Today, right now, these days – I don’t want to sell it anymore. I don’t want to convince, haggle, paint pictures, tell stories. I don’t want to negotiate a price on what is truly a story so personal, so deeply emotional, so expansive while also remaining very small. We are drowning in the typical summer slump of August in which sales are slow, heat is high, patience is thin, days are long – too long. It wears on all of us, feels like one of those infuriating beggars lice weeds that manage to always ball themselves up into my waistband. Not painful, but chafing, and constant. That’s the worry I wear, that all of us doing this walk with daily.
That’s the story behind a complaint I made on social media, a caption beneath a picture of two of the most beautiful udders on the farm – two of the girls who make me the most proud – goats whose presence I realize lately I’ve forgotten to appreciate. We are actually doing fine, more than fine. Lucky as hell for the support we have and the way the farm’s been embraced by so many. But there are still battles I have to fight daily to make sure this place gets the respect it deserves, even if the story is just mine, even if the farm is very small. I feel like each season so far has had a theme that’s driven all our decisions, goals, behaviors. This year has been “advocacy” – and I wake up every morning with my hackles raised, claws out, just in case. Just in case.
I wonder, do you care what’s really going on behind the pictures on social media, a medium that’s become the backbone of the business, for which I have a passionate love/hate relationship? Of course you know it’s all filtered to hell, the margins erased to smudge out the dirtiest bits. For the folks who have told me this is a dream life, I know that you’re right and I’ve got constant gratitude for your constant optimism, reminding me what I have going on here, reminding me it’s probably a sin to covet my neighbors’ shrink-wrapped, suburban lives. I hope for now you’ll forgive the tone, be kind with your concern and don’t waste any of it on me. I’m fine – but exhausted – trying to maintain a leading lady status when, these days, I’d like to be the alternate.

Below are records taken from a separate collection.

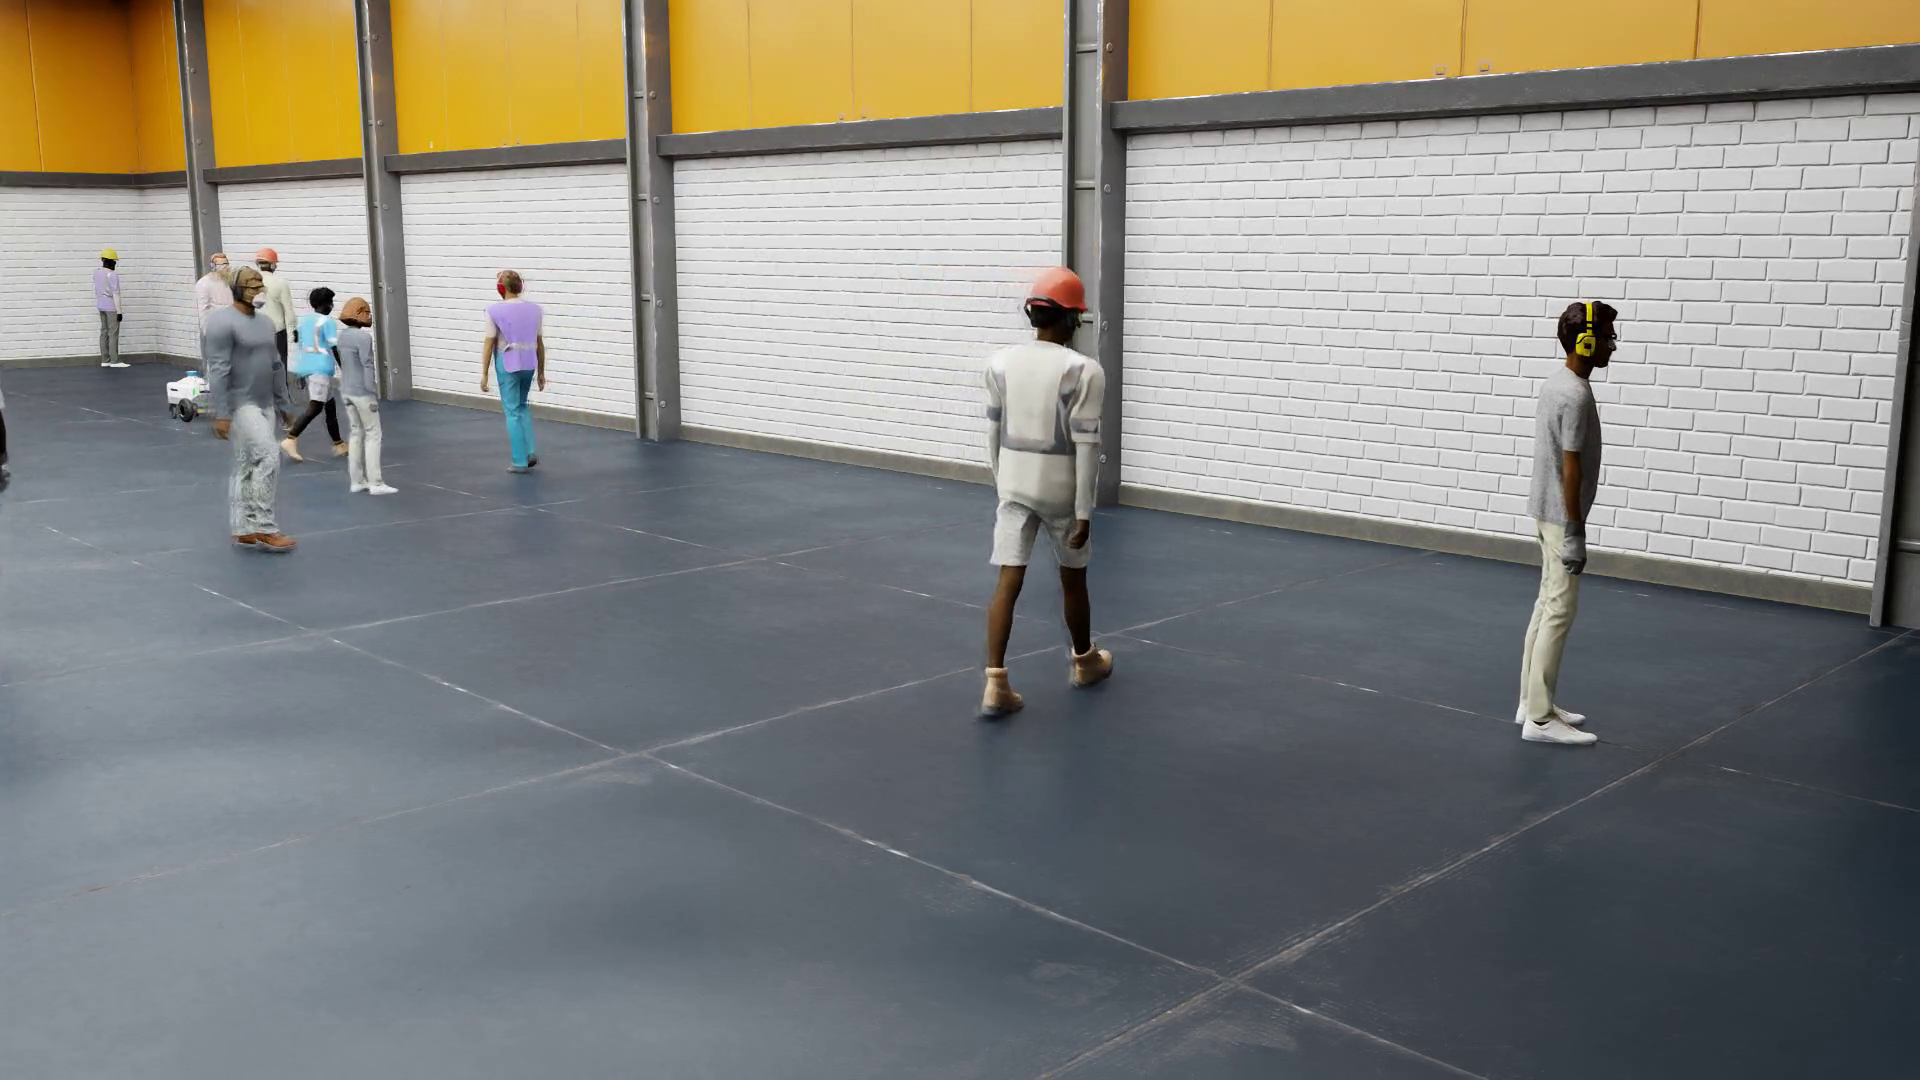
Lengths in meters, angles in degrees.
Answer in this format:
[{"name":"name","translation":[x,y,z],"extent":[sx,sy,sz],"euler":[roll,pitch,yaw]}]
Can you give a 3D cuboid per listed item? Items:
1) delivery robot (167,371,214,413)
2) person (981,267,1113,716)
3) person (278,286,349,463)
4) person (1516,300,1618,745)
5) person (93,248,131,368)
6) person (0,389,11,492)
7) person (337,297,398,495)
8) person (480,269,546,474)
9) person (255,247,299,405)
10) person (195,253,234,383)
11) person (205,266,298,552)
[{"name":"delivery robot","translation":[-8.890,-1.715,19.284],"extent":[0.707,0.478,0.477],"euler":[9,14,40]},{"name":"person","translation":[0.381,-0.226,7.536],"extent":[0.632,1.995,1.041],"euler":[6,12,28]},{"name":"person","translation":[-6.146,-1.572,15.769],"extent":[0.613,1.651,0.817],"euler":[9,14,42]},{"name":"person","translation":[2.568,-0.073,7.032],"extent":[0.315,1.865,0.517],"euler":[2,11,11]},{"name":"person","translation":[-13.726,-3.742,26.886],"extent":[0.585,1.919,0.388],"euler":[6,12,30]},{"name":"person","translation":[-5.352,-0.426,8.723],"extent":[0.630,1.937,0.826],"euler":[-7,13,-35]},{"name":"person","translation":[-4.939,-1.187,13.750],"extent":[0.531,1.628,0.323],"euler":[10,14,43]},{"name":"person","translation":[-4.018,-1.499,14.915],"extent":[0.519,1.828,0.564],"euler":[8,13,38]},{"name":"person","translation":[-8.569,-2.637,20.681],"extent":[0.643,1.980,0.573],"euler":[2,11,12]},{"name":"person","translation":[-9.280,-2.657,20.999],"extent":[0.399,1.909,0.642],"euler":[5,12,27]},{"name":"person","translation":[-4.674,-0.868,11.196],"extent":[0.671,1.920,0.654],"euler":[1,10,8]}]
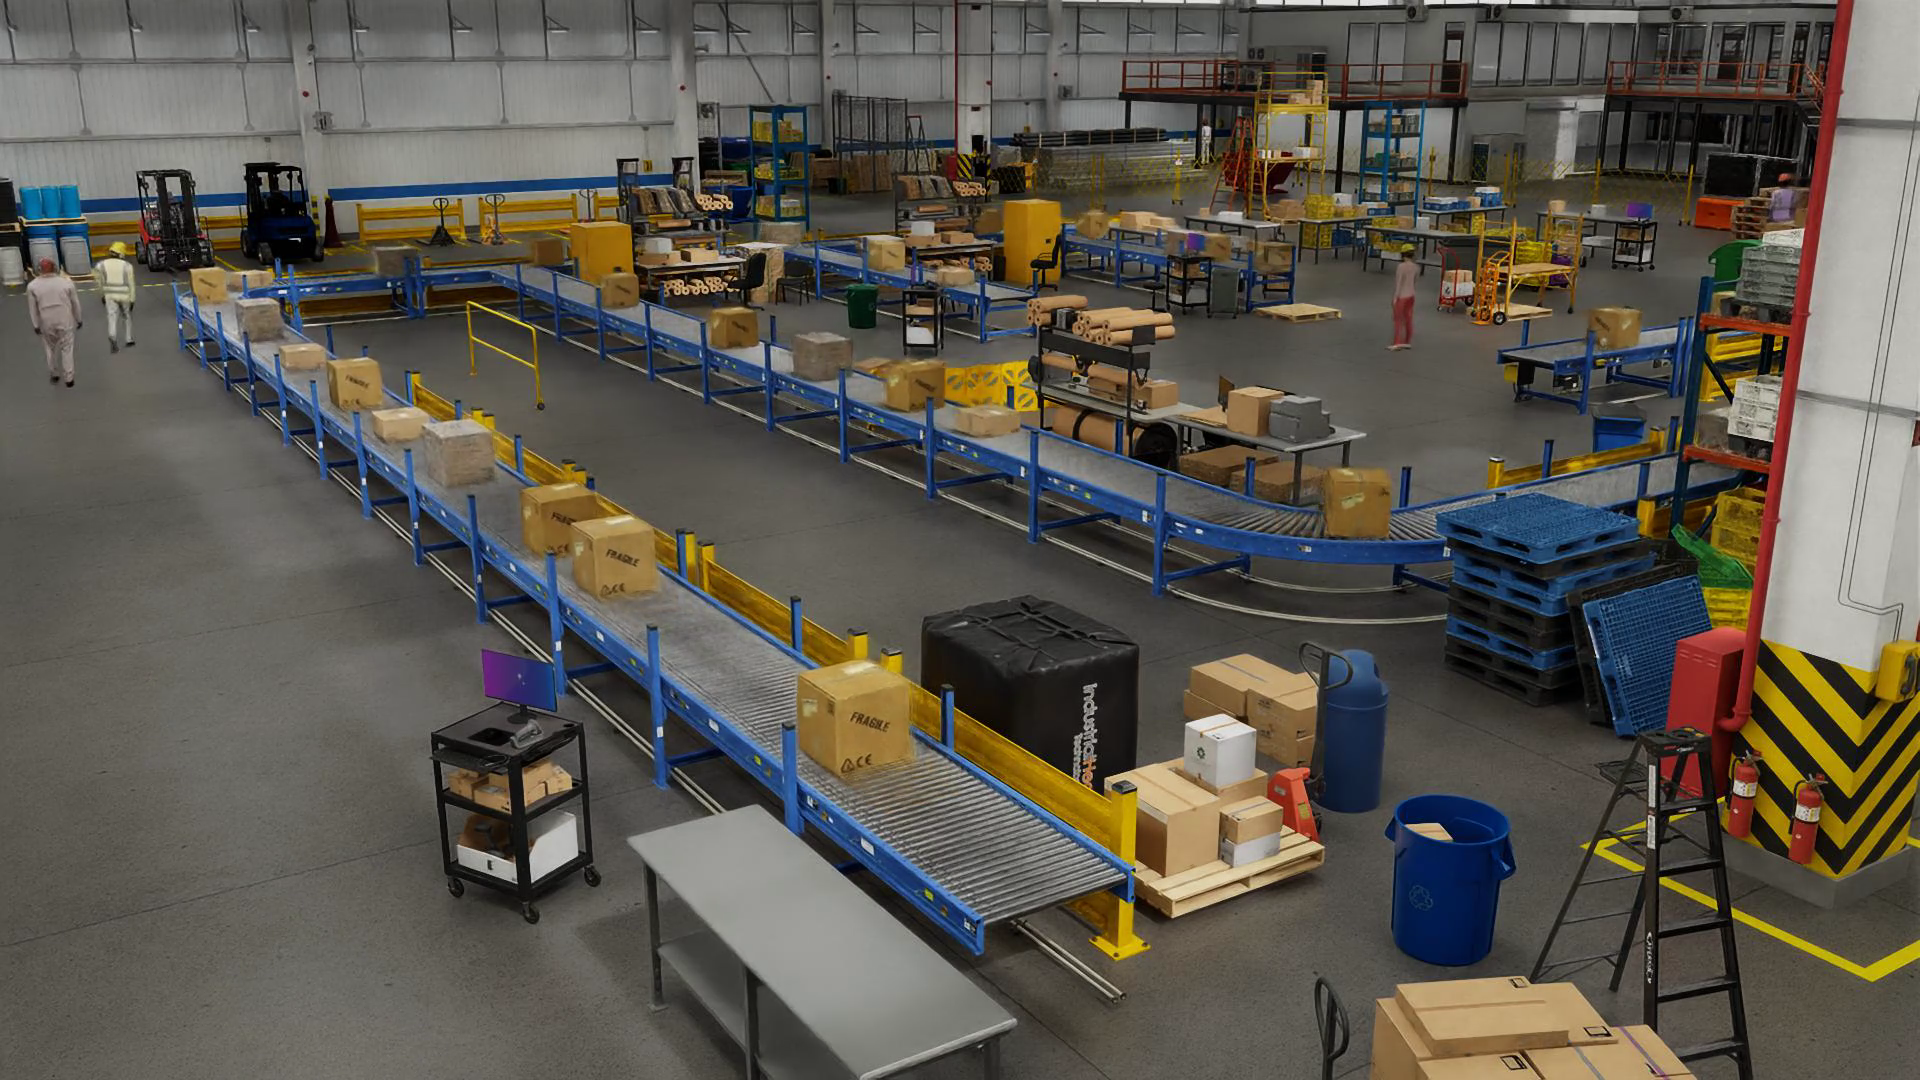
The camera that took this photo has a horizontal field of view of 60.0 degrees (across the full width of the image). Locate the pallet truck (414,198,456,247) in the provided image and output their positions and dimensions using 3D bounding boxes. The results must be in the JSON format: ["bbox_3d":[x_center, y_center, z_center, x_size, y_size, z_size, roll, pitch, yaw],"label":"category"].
[{"bbox_3d":[-13.250,-8.060,41.856,0.680,1.201,1.601,-10,20,-31],"label":"pallet truck"}]

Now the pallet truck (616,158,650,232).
[{"bbox_3d":[-8.918,-9.176,44.255,0.823,1.965,1.885,-9,19,-27],"label":"pallet truck"}]

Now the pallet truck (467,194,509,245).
[{"bbox_3d":[-11.983,-8.177,42.137,0.704,1.261,1.522,-11,20,-33],"label":"pallet truck"}]

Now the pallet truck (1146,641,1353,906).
[{"bbox_3d":[1.664,1.407,10.232,1.630,1.274,0.653,-10,20,-31],"label":"pallet truck"}]

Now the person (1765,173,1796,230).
[{"bbox_3d":[18.975,-7.464,38.512,0.634,2.021,0.521,-4,17,-12],"label":"person"}]

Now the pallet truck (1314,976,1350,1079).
[{"bbox_3d":[2.299,2.390,7.086,1.601,1.201,0.680,-2,17,-7],"label":"pallet truck"}]

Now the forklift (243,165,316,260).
[{"bbox_3d":[-15.898,-7.669,38.708,1.157,1.987,2.680,-11,20,-33],"label":"forklift"}]

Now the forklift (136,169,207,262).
[{"bbox_3d":[-17.842,-7.318,37.559,1.157,1.987,2.680,-10,20,-31],"label":"forklift"}]

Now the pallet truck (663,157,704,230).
[{"bbox_3d":[-7.586,-9.308,44.692,0.823,1.965,1.885,-11,20,-33],"label":"pallet truck"}]

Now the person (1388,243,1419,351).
[{"bbox_3d":[7.333,-4.016,27.484,0.533,1.765,0.330,-11,20,-32],"label":"person"}]

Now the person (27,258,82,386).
[{"bbox_3d":[-13.452,-3.255,24.786,0.657,1.858,0.966,-7,18,-23],"label":"person"}]

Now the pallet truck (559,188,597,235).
[{"bbox_3d":[-10.010,-8.652,43.699,0.653,1.274,1.630,-10,20,-31],"label":"pallet truck"}]

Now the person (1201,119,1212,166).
[{"bbox_3d":[10.008,-16.244,67.967,0.574,1.884,0.356,-12,20,-34],"label":"person"}]

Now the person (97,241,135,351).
[{"bbox_3d":[-13.907,-4.020,27.448,0.596,1.797,0.803,-5,17,-15],"label":"person"}]
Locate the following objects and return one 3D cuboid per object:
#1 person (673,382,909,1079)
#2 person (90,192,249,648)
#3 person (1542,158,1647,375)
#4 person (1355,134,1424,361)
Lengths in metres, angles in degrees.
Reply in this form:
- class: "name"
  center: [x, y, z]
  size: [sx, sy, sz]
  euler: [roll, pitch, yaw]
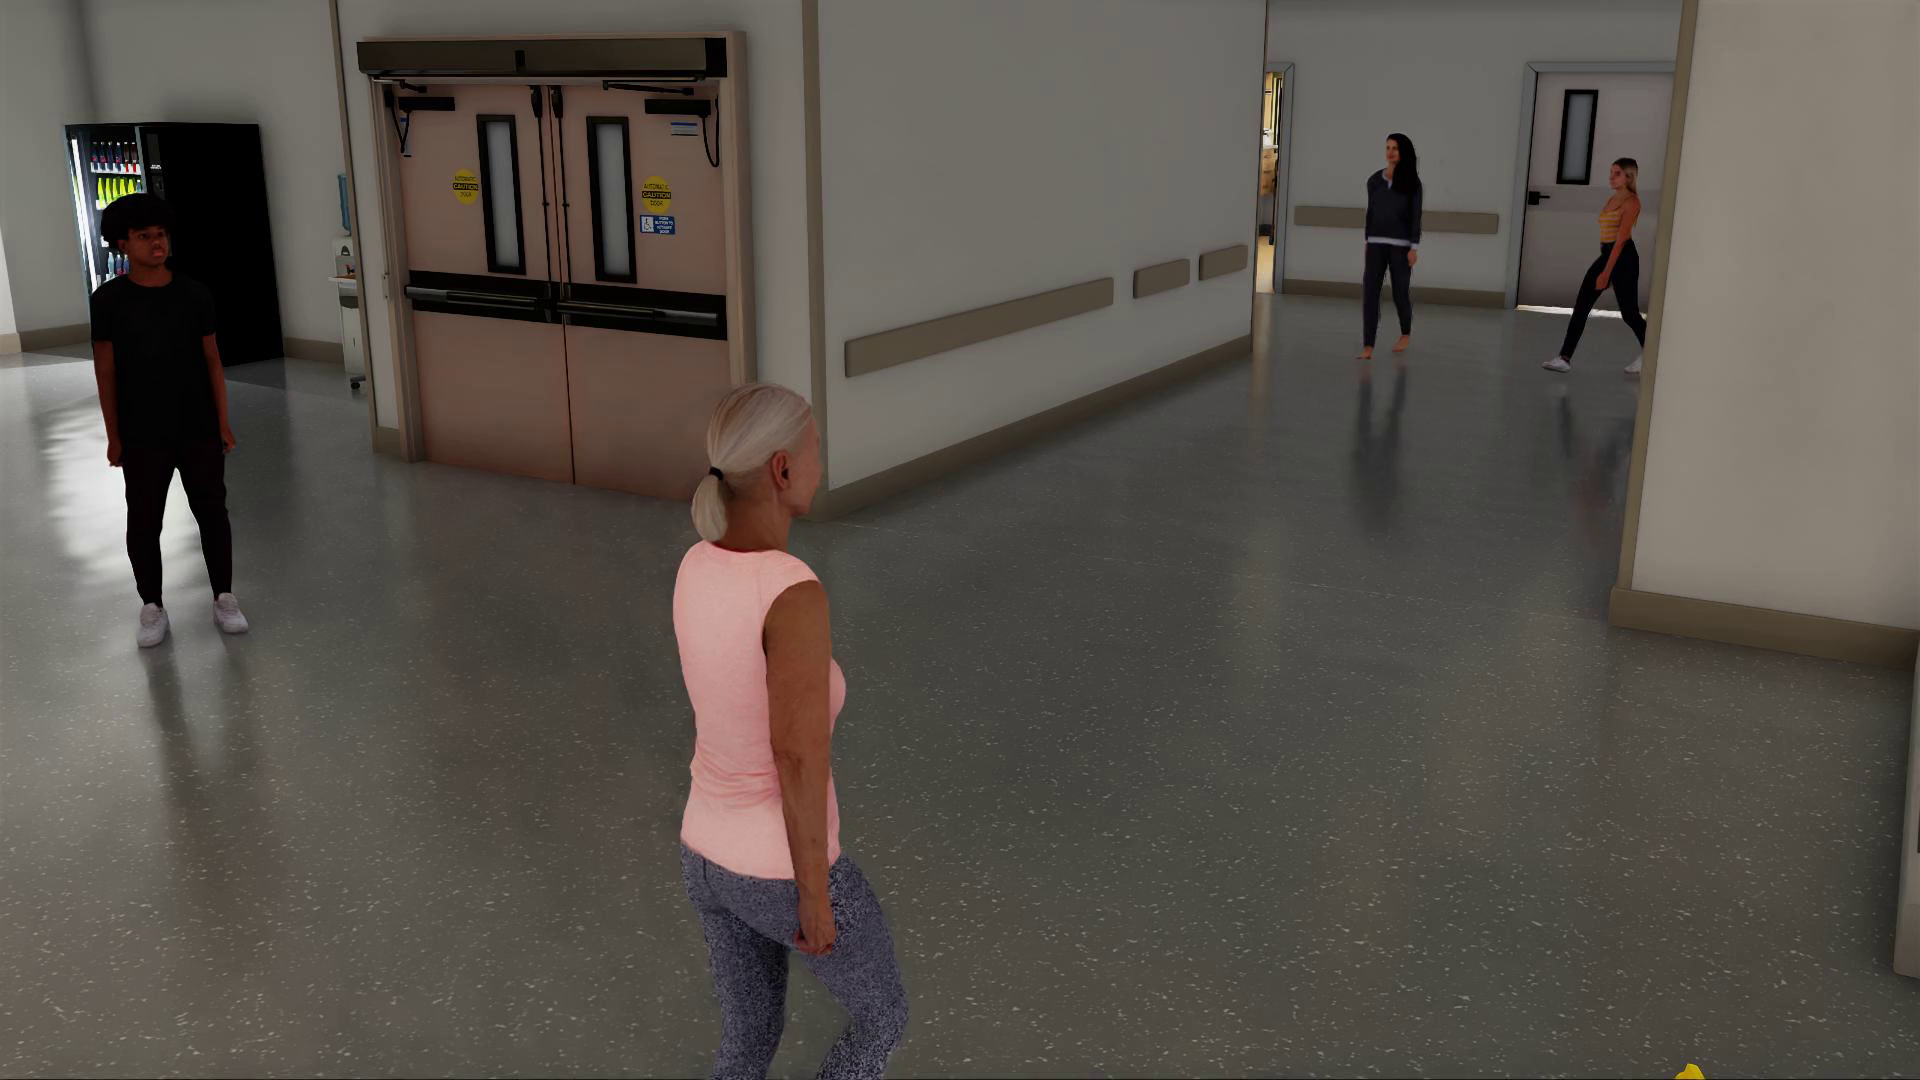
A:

As a friend and fellow small business owner said recently, “I want someone else, just for one day, to be the one who has to decide to say ‘yes’ and ‘no’ to all the things.” We star in a show with no script.
With all that said, I’m still floored by our victories this year, some I’ve mentioned, some are forthcoming, but none happening as fast as I want. And I guess that’s the thing – I still want, start each day wanting this to work, constantly, unconsciously casting and re-casting myself and all the players, imagining plot twists, writing off characters – then writing them back in. It’s not exactly a business plan, but it’s an evolution of a business, an adaptation of reality into a story you hopefully want to hear, a show you’d watch, a place – whose value I can’t quantify – that’s actually worth something to you.